Driving on Highway 92, I saw a guy behind me in a Subaru. He was honking, honking a lot. One would think I had a flat tire or an emergency situation happening. We were driving 55, and I was maybe 200 feet from the person in front of me, same rate of speed. I would have rather created more space (it takes 400 feet to stop at that speed)… but the guy who was behind me was honking, obviously.
We approached the red light, and the turn lane opened. To my relief, the Subaru fury guy zoomed around, expressed himself in other angry ways, and turned right. I was rid of him.
I watched my thoughts: I was driving well. I actually have professional background to judge that, having taught Driver’s Ed for a decade. I was going the same speed as the driver in front of me. Although I would normally want to create more space between myself and the person I was following when I had a tailgater (he was a car length back), I did not because he was obviously imbalanced and I didn’t want to appear hostile. I just kept doing me. I stayed very consistent and predictable. That makes it easier for the other to pass.
But his rage was not about me. Or maybe it was. He might have saved one literal second if I was closer to the guy I was following.

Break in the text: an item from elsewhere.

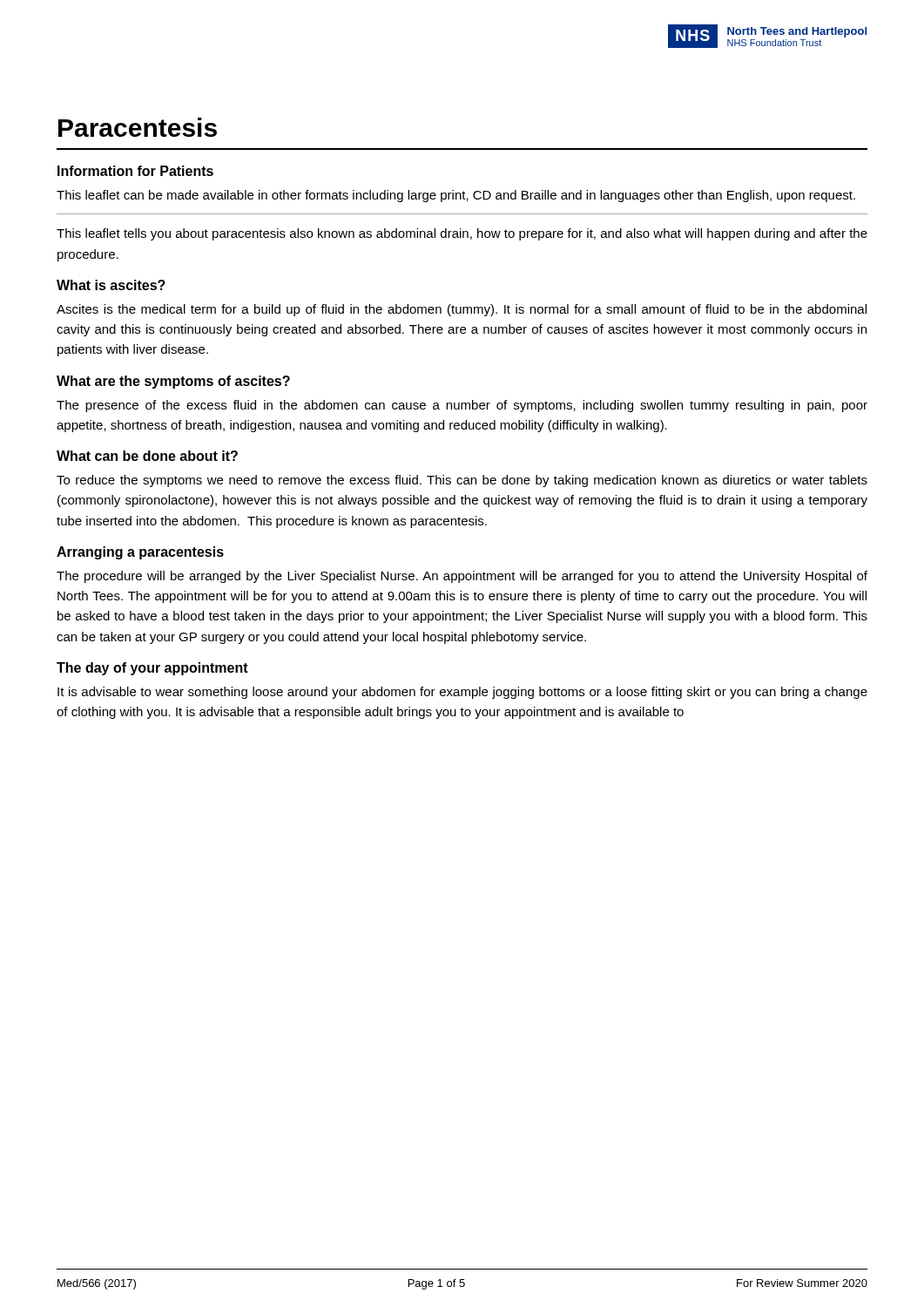This screenshot has width=924, height=1307.
Task: Find the text block containing "Ascites is the medical term for a build"
Action: (462, 329)
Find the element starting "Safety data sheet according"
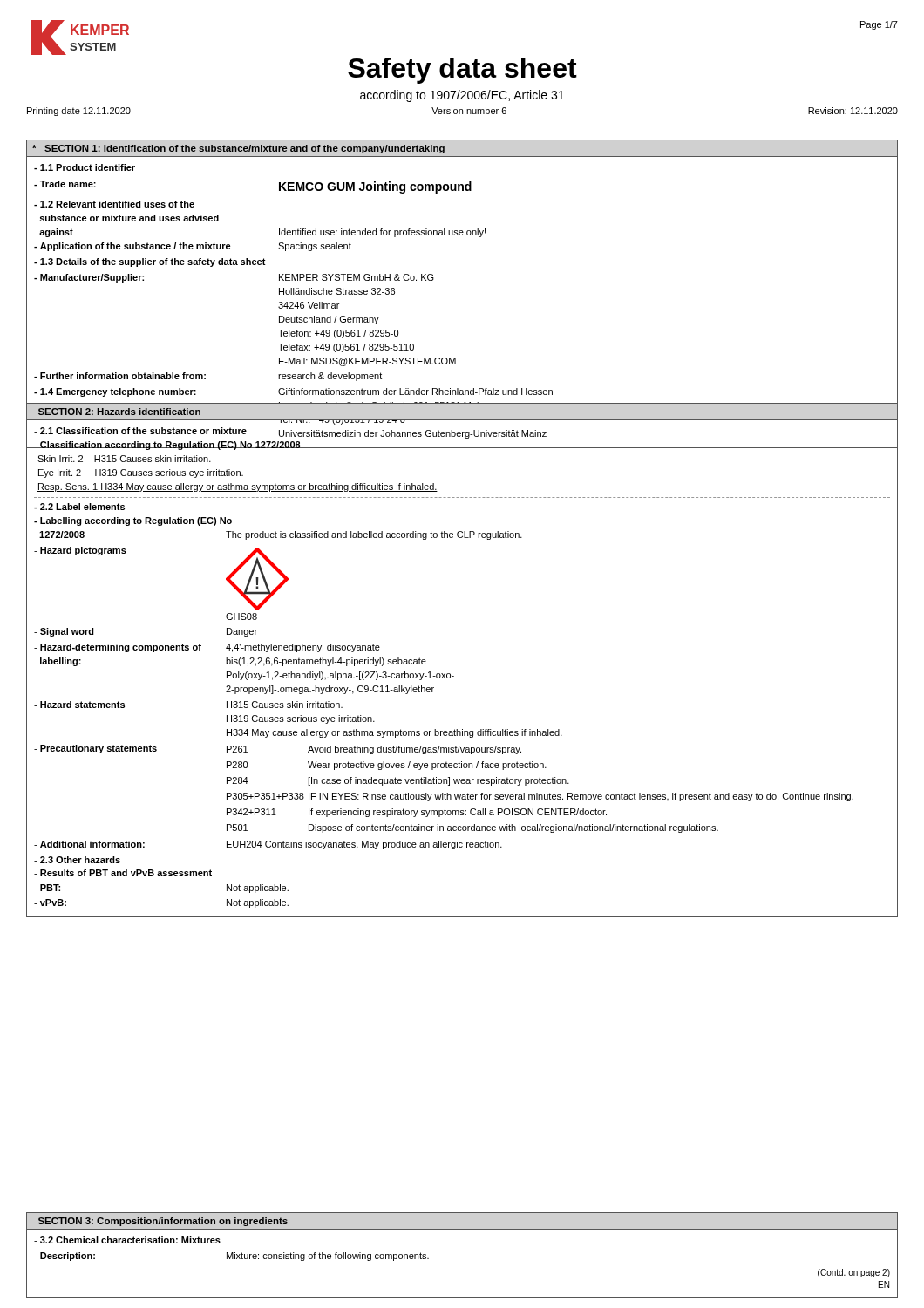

Then I saw my thoughts turn to “what if”. What if he knew my life circumstances, if he realized how he was treating ME after all I have been through? What if I was driving away from a funeral? What if I was one of those gun carrying, equally angry drivers who had “just had enough”? People have died for much less. What if I was learning how to drive, or if I was 90 and half blind? What if I was his grandma? What if? I started to cry. And him, my thoughts and prayers turned to this hostile, dangerous, hurt human: Maybe his wife was at home giving birth? Perhaps he just lost his job, or doesn’t know how he can buy food for his kids this week? Maybe his life utterly sucks to the level that there was nothing more that he could be in this existence? Horrible. What if?